→ TASK DESCRIPTION
What is needed is each line of the data below that holds the string "analyzer".
━━━ THE DATA ━━━
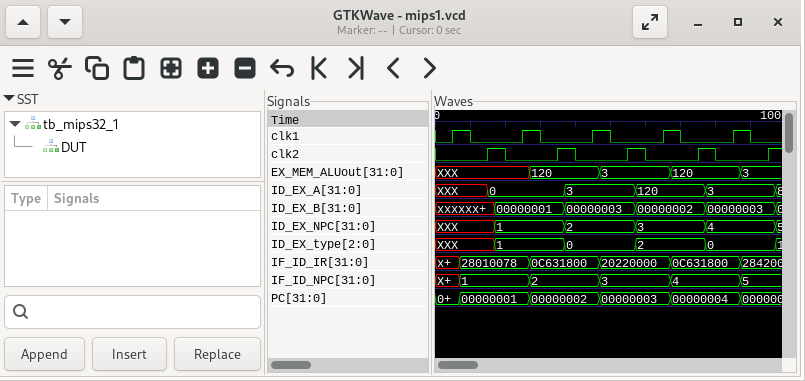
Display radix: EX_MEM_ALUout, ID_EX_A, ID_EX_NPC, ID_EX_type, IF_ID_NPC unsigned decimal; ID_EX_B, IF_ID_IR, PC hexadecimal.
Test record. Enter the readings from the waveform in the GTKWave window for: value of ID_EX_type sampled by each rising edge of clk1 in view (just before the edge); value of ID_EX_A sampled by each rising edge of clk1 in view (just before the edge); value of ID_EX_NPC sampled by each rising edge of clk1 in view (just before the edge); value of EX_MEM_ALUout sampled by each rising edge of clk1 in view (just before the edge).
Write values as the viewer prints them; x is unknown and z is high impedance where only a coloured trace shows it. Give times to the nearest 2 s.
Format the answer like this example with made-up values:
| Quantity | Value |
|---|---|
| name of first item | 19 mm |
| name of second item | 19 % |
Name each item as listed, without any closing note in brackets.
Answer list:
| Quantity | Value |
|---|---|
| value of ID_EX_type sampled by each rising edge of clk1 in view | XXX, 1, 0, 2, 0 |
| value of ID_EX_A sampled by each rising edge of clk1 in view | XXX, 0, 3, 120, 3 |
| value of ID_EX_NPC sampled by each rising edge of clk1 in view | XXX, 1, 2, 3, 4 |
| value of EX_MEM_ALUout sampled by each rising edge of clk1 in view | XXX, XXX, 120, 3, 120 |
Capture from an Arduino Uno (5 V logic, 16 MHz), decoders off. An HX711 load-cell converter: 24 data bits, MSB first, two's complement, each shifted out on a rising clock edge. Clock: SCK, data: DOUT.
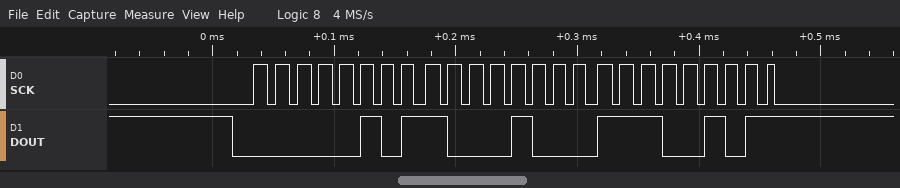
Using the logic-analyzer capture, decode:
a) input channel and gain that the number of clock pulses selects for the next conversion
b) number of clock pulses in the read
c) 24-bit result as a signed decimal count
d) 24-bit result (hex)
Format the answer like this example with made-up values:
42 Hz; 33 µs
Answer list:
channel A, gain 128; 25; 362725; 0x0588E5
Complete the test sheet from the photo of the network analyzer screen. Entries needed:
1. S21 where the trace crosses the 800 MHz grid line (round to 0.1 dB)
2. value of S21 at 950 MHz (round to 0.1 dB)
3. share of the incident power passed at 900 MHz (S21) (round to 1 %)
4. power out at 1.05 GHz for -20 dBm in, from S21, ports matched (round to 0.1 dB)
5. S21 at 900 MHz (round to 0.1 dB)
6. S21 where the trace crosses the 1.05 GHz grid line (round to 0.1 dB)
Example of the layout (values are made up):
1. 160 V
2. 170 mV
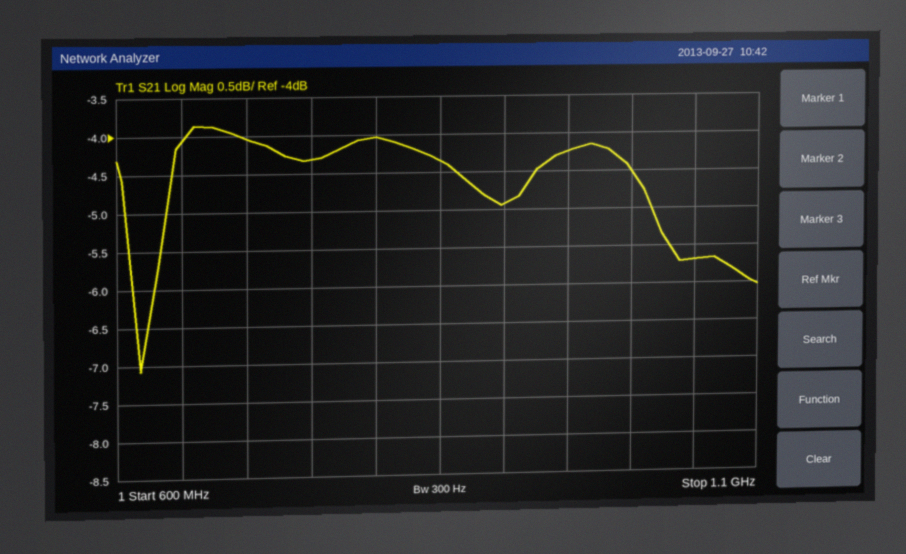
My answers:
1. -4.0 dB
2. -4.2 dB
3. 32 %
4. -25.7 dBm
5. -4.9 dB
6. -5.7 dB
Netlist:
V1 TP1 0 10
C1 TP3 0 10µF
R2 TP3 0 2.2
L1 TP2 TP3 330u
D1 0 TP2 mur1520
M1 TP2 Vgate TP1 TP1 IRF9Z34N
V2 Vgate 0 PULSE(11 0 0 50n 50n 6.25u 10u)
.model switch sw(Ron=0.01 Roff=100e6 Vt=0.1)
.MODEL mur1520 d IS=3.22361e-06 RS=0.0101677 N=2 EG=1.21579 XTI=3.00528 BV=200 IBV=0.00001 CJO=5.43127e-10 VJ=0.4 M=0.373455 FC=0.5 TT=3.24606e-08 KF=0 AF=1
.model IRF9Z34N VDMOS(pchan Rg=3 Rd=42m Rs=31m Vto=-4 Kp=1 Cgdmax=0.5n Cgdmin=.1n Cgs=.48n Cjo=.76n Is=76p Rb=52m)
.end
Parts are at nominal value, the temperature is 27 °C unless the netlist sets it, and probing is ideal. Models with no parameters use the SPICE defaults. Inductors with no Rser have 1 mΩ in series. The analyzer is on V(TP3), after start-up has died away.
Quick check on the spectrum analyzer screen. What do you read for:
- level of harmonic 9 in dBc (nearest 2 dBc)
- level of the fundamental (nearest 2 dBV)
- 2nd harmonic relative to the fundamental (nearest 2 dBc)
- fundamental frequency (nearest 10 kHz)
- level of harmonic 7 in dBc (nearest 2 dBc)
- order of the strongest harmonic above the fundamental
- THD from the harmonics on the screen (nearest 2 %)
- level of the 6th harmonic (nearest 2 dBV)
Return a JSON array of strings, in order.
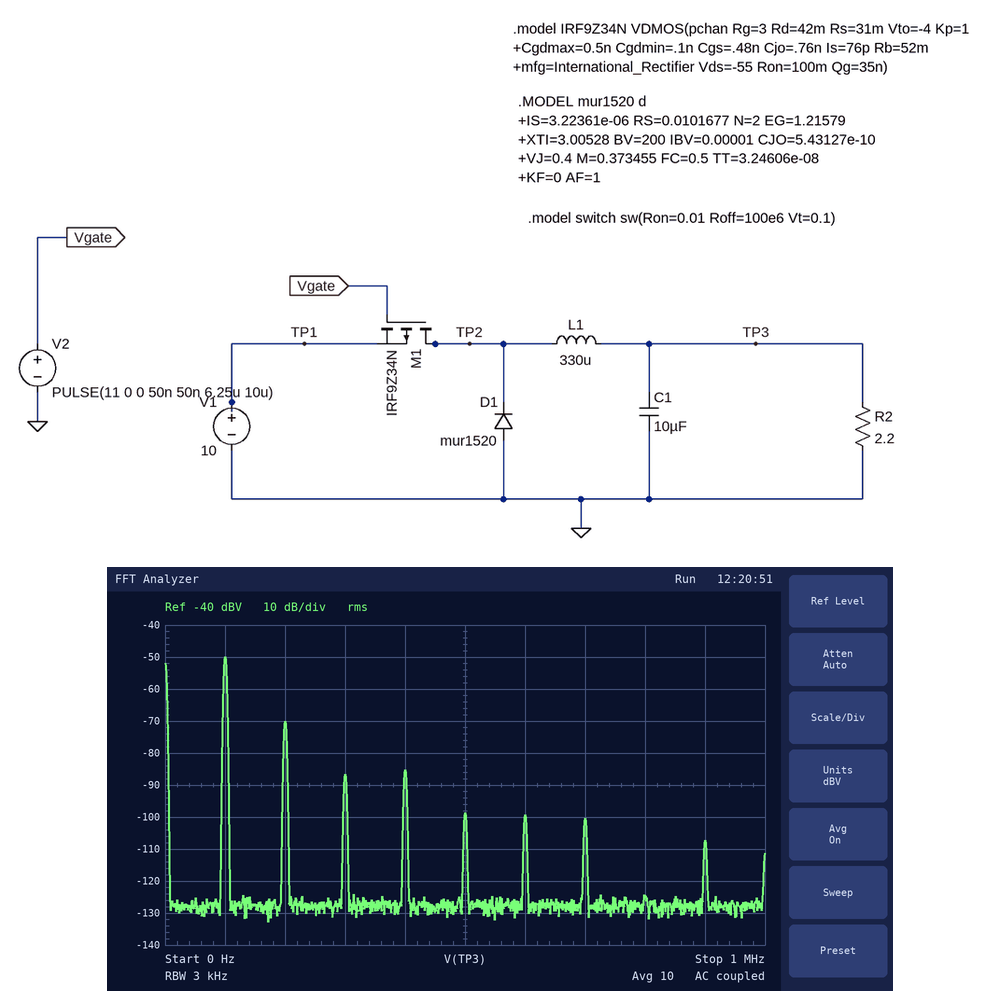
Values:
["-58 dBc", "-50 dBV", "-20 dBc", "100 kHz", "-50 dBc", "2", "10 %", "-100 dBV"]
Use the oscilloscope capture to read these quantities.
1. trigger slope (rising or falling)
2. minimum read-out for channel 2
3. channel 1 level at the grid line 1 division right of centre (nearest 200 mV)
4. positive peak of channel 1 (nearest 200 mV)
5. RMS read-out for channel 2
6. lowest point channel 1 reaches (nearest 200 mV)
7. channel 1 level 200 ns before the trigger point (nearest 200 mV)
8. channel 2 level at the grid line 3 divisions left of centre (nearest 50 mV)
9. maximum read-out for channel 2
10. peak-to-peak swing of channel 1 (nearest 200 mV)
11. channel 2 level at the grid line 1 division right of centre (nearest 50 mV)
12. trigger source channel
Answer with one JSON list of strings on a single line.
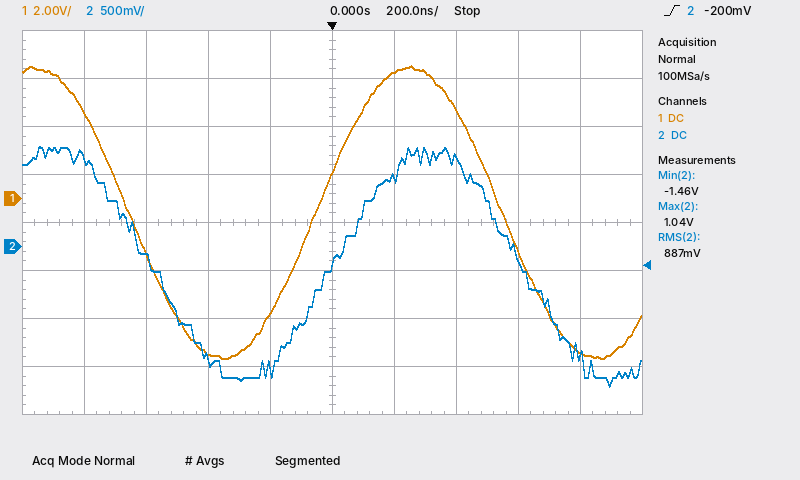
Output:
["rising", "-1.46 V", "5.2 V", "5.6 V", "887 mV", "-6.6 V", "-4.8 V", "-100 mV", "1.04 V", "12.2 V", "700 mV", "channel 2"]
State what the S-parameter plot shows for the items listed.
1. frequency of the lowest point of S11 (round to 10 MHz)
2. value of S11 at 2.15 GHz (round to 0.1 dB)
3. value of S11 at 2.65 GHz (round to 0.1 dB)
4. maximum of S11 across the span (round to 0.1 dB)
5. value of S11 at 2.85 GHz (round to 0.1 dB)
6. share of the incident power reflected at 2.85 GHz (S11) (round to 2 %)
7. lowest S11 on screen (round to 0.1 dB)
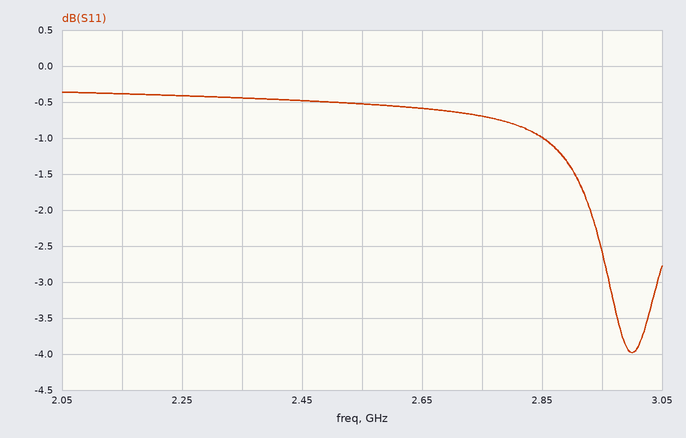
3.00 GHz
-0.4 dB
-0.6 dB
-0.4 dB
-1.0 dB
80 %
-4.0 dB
━━━
→ OUTPUT OF THE TASK
Using the logic-analyzer capture, decode:
Complete the test sheet from the photo of the network analyzer screen. Entries needed:
Parts are at nominal value, the temperature is 27 °C unless the netlist sets it, and probing is ideal. Models with no parameters use the SPICE defaults. Inductors with no Rser have 1 mΩ in series. The analyzer is on V(TP3), after start-up has died away.
Quick check on the spectrum analyzer screen. What do you read for:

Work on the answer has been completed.